An ant crawls straight from $(-4,6)$ to the origin, and then continues straight on to $(4,3)$. How far does it travel?
To find the distance the ant travels, we can break down the journey into two steps - from $(-4, 6)$ to the origin $(0, 0)$, and then from the origin to $(4, 3)$.

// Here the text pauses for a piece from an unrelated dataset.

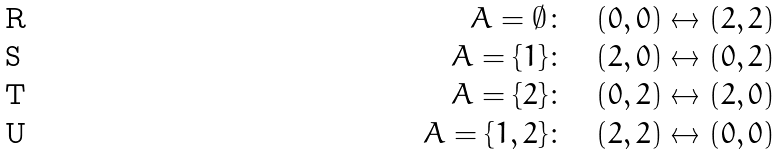Convert formula to latex. <formula><loc_0><loc_0><loc_500><loc_500>A = \emptyset \colon \quad ( 0 , 0 ) & \leftrightarrow ( 2 , 2 ) \\ A = \{ 1 \} \colon \quad ( 2 , 0 ) & \leftrightarrow ( 0 , 2 ) \\ A = \{ 2 \} \colon \quad ( 0 , 2 ) & \leftrightarrow ( 2 , 0 ) \\ A = \{ 1 , 2 \} \colon \quad ( 2 , 2 ) & \leftrightarrow ( 0 , 0 )</formula>

Step 1: To find the distance from $(-4, 6)$ to $(0, 0)$, we can use the distance formula, which is given by:
Distance $= \sqrt{(x_2 - x_1)^2 + (y_2 - y_1)^2}$
Plugging in the values, we get:
Distance $= \sqrt{(0 - (-4))^2 + (0 - 6)^2}$
Distance $= \sqrt{(4)^2 + (-6)^2}$
Distance $= \sqrt{16 + 36}$
Distance $= \sqrt{52}$
Step 2: To find the distance from $(0, 0)$ to $(4, 3)$, we use the distance formula again:
Distance $= \sqrt{(x_2 - x_1)^2 + (y_2 - y_1)^2}$
Plugging in the values, we get:
Distance $= \sqrt{(4 - 0)^2 + (3 - 0)^2}$
Distance $= \sqrt{(4)^2 + (3)^2}$
Distance $= \sqrt{16 + 9}$
Distance $= \sqrt{25}$
Distance $= 5$
Therefore, the ant travels a total distance of $\sqrt{52} + 5$.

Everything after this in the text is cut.